Output exactly the lines below, starting with the line that has "q2.face_3 = pulls with the +X half" and going on through the line that has "q4.face_6 = +Z, +X, +Y, -Y", both included, and no other lines.
________________________
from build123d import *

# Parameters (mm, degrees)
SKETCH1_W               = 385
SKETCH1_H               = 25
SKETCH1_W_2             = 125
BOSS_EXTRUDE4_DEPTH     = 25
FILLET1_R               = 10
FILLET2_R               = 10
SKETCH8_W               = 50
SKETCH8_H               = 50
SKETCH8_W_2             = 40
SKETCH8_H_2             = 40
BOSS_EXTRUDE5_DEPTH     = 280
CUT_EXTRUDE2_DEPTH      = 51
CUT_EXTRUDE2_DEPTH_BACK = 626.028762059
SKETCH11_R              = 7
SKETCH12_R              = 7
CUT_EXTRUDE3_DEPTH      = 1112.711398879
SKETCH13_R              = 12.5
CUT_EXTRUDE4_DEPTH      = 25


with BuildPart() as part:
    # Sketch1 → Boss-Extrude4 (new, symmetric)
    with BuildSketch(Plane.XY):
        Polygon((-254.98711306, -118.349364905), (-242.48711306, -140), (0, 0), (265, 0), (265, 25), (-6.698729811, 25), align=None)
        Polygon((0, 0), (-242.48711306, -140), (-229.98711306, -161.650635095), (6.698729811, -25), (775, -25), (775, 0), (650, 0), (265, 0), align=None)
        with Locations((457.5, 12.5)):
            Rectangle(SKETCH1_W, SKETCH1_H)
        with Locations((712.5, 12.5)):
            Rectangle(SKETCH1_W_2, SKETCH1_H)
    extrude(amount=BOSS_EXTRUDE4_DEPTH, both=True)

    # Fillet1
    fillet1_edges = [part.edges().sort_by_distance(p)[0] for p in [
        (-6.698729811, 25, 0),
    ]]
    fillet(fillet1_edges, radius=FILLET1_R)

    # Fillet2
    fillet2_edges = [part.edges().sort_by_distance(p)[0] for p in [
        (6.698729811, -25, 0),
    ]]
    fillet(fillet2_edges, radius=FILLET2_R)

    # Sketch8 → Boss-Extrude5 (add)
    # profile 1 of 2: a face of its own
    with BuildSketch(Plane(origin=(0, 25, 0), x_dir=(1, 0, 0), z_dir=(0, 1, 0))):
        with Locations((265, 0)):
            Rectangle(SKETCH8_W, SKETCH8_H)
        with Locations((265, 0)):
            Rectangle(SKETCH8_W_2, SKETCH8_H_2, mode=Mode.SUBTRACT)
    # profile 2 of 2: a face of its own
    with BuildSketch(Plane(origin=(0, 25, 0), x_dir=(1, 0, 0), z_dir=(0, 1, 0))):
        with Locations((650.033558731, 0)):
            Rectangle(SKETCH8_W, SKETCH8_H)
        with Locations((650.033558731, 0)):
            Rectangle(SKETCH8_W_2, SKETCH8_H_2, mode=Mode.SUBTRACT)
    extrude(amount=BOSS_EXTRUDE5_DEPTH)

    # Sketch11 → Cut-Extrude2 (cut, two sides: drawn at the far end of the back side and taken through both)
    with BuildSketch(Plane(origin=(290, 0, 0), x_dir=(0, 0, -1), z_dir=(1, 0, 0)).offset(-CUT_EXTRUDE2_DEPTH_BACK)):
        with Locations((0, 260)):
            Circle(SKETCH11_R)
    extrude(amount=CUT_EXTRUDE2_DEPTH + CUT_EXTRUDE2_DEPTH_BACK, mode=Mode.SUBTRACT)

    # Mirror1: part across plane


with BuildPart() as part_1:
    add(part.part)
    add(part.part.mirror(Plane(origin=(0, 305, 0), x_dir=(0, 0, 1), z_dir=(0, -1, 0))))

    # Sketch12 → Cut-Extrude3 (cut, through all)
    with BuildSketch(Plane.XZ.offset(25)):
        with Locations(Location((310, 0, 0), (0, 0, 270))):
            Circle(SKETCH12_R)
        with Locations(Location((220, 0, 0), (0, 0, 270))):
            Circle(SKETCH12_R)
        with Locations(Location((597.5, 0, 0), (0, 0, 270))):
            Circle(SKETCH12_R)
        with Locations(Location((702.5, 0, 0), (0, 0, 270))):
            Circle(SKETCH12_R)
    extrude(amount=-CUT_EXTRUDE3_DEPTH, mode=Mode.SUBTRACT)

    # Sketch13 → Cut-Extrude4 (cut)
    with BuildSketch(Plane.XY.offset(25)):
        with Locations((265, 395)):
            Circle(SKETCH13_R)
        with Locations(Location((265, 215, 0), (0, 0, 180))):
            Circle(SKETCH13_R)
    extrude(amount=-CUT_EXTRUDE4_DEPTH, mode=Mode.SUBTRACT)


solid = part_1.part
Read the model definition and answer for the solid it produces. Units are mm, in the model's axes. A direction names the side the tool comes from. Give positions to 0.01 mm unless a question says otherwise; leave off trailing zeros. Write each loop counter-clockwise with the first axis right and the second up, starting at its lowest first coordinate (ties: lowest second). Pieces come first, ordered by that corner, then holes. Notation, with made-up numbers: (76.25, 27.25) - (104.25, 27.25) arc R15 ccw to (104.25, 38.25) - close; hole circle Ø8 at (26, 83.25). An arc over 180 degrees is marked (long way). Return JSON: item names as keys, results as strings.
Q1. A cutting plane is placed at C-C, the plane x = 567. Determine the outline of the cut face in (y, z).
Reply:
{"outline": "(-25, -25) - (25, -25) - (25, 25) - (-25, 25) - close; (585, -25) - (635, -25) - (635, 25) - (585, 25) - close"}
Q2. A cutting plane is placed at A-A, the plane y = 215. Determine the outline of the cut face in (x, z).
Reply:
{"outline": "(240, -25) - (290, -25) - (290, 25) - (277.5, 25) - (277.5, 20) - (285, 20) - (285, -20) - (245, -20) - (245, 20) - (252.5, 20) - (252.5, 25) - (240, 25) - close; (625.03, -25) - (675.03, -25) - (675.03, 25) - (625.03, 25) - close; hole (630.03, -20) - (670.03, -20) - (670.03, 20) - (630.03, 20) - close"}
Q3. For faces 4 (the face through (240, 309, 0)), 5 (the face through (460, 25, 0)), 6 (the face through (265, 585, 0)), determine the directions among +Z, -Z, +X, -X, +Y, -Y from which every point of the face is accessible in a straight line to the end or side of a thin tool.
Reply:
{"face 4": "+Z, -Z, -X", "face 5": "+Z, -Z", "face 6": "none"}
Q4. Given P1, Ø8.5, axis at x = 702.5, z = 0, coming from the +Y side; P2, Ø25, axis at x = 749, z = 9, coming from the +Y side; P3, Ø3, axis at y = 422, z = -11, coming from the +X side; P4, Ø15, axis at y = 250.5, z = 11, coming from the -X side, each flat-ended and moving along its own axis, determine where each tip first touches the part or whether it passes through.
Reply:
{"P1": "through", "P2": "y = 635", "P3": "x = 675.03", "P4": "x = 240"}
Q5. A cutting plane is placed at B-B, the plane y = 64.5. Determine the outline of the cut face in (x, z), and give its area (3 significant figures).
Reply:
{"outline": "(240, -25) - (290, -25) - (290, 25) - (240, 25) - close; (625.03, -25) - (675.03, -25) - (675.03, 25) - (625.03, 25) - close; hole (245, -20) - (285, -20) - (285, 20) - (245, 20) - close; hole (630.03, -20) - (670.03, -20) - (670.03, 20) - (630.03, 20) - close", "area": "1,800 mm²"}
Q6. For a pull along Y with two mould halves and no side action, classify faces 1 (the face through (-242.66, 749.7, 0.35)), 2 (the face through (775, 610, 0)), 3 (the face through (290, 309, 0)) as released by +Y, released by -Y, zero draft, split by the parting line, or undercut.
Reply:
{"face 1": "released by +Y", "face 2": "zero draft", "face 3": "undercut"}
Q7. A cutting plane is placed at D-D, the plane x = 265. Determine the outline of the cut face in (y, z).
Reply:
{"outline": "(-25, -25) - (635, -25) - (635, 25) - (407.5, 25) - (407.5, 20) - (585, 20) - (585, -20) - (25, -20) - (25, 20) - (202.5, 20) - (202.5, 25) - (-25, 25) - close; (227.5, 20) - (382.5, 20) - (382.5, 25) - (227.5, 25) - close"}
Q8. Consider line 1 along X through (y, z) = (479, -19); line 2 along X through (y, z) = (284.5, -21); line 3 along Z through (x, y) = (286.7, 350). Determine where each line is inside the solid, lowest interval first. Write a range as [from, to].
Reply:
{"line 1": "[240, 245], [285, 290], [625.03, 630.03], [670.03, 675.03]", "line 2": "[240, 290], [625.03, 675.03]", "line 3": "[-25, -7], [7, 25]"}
________________________
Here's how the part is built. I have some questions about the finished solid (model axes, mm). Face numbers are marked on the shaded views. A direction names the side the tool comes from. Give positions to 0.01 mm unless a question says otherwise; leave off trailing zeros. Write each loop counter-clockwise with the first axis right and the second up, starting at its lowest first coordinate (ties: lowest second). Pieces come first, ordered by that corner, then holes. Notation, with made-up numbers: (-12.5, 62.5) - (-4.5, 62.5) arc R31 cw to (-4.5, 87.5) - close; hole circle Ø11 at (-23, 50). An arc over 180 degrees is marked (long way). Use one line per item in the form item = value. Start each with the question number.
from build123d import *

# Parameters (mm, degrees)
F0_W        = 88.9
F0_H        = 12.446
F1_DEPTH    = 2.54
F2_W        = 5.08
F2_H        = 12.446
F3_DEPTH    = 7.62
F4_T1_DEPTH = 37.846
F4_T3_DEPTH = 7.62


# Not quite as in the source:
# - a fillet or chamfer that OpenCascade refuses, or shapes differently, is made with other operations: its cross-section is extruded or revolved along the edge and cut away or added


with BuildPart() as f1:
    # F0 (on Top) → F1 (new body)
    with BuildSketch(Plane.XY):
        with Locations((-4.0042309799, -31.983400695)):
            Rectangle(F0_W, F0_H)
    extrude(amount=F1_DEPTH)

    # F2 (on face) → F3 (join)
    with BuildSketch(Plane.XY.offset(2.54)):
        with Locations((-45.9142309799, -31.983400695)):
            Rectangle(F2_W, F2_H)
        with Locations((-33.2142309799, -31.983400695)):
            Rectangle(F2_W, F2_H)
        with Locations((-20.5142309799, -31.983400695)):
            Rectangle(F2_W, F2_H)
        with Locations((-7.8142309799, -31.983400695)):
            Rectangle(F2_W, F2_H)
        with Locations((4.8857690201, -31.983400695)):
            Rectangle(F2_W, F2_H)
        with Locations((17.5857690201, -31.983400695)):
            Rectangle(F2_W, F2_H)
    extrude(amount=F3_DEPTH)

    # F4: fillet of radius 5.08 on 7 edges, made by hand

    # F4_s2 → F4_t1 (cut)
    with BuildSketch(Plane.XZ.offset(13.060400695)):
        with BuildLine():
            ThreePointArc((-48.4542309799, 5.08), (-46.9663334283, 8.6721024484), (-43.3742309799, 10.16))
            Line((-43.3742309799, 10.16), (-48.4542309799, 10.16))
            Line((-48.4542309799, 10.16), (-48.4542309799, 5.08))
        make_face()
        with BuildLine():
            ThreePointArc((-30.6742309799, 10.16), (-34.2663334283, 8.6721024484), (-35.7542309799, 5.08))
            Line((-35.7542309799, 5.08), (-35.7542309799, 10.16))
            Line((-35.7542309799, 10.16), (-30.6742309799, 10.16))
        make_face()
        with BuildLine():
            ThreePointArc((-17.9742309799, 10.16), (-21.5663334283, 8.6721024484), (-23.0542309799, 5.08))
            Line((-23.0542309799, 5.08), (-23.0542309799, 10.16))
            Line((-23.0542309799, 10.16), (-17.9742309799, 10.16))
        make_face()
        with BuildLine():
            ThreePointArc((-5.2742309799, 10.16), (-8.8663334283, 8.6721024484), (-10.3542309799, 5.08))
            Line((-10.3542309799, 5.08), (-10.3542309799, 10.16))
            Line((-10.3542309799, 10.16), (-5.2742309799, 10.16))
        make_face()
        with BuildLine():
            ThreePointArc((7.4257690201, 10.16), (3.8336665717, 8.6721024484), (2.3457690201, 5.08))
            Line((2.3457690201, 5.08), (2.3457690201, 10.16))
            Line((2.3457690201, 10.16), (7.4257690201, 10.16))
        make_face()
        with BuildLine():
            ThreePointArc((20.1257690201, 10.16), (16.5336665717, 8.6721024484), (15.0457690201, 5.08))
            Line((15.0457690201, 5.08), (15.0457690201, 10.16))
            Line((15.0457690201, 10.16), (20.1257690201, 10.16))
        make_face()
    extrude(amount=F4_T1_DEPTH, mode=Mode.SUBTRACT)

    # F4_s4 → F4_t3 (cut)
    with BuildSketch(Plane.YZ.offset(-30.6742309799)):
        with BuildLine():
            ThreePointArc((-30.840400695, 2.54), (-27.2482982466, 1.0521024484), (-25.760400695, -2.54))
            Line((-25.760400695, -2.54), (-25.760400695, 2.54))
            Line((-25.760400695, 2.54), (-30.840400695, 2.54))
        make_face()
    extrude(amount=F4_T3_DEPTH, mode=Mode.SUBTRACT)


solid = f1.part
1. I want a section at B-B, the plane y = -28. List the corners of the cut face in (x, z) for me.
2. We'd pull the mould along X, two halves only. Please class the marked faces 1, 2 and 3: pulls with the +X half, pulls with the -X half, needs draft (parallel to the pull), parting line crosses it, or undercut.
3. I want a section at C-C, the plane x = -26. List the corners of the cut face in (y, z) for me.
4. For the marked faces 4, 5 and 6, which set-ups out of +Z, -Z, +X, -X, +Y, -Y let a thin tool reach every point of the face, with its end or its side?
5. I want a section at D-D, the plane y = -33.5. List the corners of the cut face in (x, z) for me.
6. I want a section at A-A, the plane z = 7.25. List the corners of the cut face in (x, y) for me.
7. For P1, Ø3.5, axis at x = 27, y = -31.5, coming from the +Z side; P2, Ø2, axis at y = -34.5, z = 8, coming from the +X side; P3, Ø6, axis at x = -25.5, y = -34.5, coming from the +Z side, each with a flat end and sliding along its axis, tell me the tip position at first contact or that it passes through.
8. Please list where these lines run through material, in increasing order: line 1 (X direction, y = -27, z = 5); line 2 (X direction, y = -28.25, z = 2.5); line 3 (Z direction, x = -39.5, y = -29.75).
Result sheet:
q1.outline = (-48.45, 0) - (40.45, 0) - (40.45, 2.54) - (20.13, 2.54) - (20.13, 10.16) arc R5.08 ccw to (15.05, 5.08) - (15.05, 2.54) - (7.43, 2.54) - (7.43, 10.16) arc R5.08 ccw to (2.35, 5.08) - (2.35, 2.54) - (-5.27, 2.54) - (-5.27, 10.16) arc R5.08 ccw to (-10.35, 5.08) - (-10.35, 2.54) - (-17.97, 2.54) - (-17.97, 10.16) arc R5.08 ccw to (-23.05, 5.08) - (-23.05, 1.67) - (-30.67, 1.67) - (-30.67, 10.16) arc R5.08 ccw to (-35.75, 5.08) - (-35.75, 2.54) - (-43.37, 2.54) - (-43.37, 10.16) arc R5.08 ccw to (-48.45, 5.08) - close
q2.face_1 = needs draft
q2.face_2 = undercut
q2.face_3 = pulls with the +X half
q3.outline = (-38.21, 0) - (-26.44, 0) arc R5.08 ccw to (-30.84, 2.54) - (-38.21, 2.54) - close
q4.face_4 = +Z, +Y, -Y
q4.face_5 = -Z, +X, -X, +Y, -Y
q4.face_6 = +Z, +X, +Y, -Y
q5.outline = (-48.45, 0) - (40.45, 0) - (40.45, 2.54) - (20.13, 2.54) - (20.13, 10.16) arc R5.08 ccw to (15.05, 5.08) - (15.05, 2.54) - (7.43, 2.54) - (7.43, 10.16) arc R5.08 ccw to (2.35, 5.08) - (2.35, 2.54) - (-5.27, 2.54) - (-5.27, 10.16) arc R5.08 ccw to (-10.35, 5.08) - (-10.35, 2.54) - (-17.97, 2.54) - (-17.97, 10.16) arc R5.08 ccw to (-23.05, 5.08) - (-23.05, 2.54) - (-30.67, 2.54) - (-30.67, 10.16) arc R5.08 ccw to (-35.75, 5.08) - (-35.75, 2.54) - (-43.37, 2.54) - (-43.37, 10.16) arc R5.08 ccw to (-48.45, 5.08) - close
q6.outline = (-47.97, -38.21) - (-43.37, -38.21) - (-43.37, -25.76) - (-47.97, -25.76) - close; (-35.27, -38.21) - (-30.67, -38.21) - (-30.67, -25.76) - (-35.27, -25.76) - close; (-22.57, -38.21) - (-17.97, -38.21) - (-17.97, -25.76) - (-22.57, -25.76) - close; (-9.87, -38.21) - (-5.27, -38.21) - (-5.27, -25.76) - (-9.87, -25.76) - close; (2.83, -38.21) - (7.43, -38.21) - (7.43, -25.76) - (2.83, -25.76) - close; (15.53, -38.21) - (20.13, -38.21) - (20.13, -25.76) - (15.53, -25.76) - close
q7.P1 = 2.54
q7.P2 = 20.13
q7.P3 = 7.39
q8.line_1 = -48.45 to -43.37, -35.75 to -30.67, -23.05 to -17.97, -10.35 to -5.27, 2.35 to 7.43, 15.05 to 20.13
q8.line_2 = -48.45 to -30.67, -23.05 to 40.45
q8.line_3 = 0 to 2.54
________________________
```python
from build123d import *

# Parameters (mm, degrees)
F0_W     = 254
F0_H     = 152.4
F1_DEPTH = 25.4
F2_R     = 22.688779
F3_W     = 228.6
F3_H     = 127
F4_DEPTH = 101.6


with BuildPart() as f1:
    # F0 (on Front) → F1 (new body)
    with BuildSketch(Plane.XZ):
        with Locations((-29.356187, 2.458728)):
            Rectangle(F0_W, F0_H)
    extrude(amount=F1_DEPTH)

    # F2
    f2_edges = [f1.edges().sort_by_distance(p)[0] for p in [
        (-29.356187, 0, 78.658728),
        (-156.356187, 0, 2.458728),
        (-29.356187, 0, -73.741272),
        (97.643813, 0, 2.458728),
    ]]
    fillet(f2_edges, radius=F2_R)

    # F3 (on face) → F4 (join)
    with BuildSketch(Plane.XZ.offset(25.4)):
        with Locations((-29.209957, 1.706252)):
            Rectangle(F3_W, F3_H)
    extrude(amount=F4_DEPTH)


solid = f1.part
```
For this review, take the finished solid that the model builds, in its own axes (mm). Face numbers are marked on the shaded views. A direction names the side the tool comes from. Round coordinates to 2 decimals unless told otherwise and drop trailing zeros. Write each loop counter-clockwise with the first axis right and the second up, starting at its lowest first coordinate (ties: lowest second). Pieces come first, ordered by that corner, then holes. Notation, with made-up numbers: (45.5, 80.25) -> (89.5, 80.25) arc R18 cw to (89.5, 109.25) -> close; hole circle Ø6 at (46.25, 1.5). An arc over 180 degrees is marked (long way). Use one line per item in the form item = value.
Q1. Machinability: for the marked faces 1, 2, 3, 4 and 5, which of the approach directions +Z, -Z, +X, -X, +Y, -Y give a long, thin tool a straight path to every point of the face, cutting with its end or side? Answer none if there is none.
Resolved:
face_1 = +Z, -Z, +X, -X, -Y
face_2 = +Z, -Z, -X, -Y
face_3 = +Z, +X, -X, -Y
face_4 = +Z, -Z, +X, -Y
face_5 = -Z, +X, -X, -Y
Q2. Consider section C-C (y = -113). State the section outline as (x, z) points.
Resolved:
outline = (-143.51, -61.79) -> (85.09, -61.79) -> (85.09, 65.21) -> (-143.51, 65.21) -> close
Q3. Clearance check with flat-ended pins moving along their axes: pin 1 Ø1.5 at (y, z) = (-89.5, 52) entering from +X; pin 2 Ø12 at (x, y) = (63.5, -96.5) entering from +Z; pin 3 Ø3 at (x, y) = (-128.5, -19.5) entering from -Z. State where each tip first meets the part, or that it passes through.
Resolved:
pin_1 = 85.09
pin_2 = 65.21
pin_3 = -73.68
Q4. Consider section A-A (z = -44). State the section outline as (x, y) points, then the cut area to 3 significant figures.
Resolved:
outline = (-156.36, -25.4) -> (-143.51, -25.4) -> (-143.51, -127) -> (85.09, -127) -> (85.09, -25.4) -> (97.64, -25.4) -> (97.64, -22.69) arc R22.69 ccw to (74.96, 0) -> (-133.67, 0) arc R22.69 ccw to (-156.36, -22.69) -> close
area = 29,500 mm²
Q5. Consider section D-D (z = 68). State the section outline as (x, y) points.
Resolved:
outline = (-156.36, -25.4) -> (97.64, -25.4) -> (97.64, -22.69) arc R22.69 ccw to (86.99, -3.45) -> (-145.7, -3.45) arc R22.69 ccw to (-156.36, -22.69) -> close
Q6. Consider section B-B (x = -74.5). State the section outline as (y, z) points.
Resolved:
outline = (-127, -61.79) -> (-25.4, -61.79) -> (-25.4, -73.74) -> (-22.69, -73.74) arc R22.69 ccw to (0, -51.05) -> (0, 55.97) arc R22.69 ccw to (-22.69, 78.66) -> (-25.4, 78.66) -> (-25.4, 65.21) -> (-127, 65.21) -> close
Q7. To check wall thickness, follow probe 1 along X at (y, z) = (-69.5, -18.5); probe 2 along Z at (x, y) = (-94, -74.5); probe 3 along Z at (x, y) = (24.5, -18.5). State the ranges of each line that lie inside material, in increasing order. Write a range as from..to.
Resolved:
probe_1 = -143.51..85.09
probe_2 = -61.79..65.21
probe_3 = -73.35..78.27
________________________
[Answer space]:
q2.face_3 = pulls with the +X half
q3.outline = (-38.21, 0) - (-26.44, 0) arc R5.08 ccw to (-30.84, 2.54) - (-38.21, 2.54) - close
q4.face_4 = +Z, +Y, -Y
q4.face_5 = -Z, +X, -X, +Y, -Y
q4.face_6 = +Z, +X, +Y, -Y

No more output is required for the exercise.